Document types

Document type is the classification of documents based on their purpose, layout, and content. Document Automation supports the following document types for processing: structured, semi-structured, and unstructured documents.

Structured documents

Structured documents follow a consistent structure and clear layout where data is typed or written, making it easier for automated systems to extract and process data. Data extraction model used for such documents uses a combination of optical character recognition (OCR) capabilities with template-based model to extract key-value pairs and table data from structured documents.

The following are some of the examples of structured documents:

  • Application forms
  • Surveys
  • Passports
  • Tax forms

Semi-structured documents

Semi-structured documents are documents that have some structure or predictable format, like structured documents, but also have some variations in the layout or content. Some documents might contain common data elements, but the data might be in different locations in different documents. Data extraction model used for such documents uses a combination of OCR capabilities with keyword-based extraction, regular expressions, and validation feedback to extract key-value pairs and table data from semi-structured documents.

The following are some of the examples of semi-structured documents:

  • Invoices
  • Purchase orders (PO)
  • Bills of lading
  • Explanations of benefits (EOB)

Unstructured documents

Unstructured documents lack a standard format, fixed layout, or data without labels.
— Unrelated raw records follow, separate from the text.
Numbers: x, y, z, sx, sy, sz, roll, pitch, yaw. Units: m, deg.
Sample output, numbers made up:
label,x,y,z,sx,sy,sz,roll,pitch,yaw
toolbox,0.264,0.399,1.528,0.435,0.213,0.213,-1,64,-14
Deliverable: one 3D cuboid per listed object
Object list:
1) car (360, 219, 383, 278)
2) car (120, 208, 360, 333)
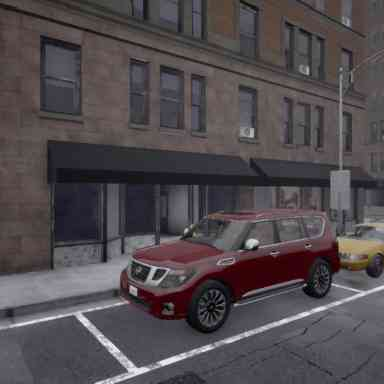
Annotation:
label,x,y,z,sx,sy,sz,roll,pitch,yaw
car,5.564,1.525,10.157,4.829,1.417,1.752,0,0,-35
car,1.077,1.315,6.963,5.009,1.841,2.192,0,0,-35
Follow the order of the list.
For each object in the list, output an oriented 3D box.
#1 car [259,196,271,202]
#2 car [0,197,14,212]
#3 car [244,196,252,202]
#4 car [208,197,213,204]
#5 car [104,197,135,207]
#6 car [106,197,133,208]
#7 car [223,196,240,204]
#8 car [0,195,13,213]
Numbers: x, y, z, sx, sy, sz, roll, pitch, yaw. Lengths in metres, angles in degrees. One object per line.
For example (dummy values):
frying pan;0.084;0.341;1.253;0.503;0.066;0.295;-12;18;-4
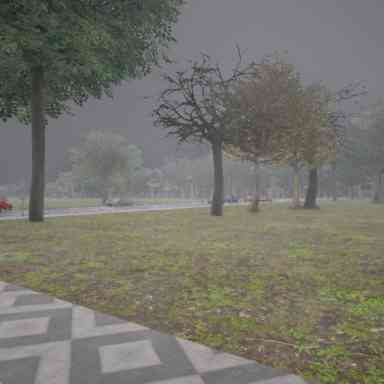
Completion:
car;17.282;1.672;78.852;1.994;1.385;4.181;-1;-1;35
car;-23.436;1.453;38.461;2.097;1.767;4.553;-1;0;35
car;14.028;1.675;79.882;1.812;1.442;4.674;-1;-1;35
car;4.924;1.669;66.874;1.994;1.385;4.181;-1;-1;35
car;-11.889;1.621;54.708;2.128;1.511;4.902;-1;-1;36
car;-11.003;1.653;50.354;1.994;1.385;4.181;-1;-1;35
car;7.583;1.575;65.003;1.837;1.490;4.892;-1;-1;35
car;-22.253;1.286;34.521;2.150;2.045;5.566;-1;-1;35
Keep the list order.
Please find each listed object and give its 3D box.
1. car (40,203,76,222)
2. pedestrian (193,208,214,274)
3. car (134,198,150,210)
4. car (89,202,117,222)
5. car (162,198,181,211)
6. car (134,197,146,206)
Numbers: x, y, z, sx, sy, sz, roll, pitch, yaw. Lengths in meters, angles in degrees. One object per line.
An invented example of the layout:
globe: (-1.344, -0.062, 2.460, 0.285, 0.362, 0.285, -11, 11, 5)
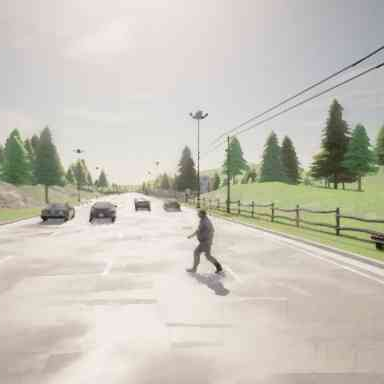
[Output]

The data is mostly in a natural language format without a consistent structure. The data extraction model uses a combination of OCR capabilities with natural language processing (NLP) and generative AI technologies to perform semantic analysis and to extract key-value pairs and table data from unstructured documents.

The following are some of the examples of unstructured documents:

  • Legal documents
  • Correspondence (including emails)
  • Reports
Document Automation can handle data extraction from all these document types. However, understanding which category your documents fall into is important for deciding which options to use for extracting data.
注: The Improve accuracy using validation option to provide validation feedback is not supported for unstructured documents.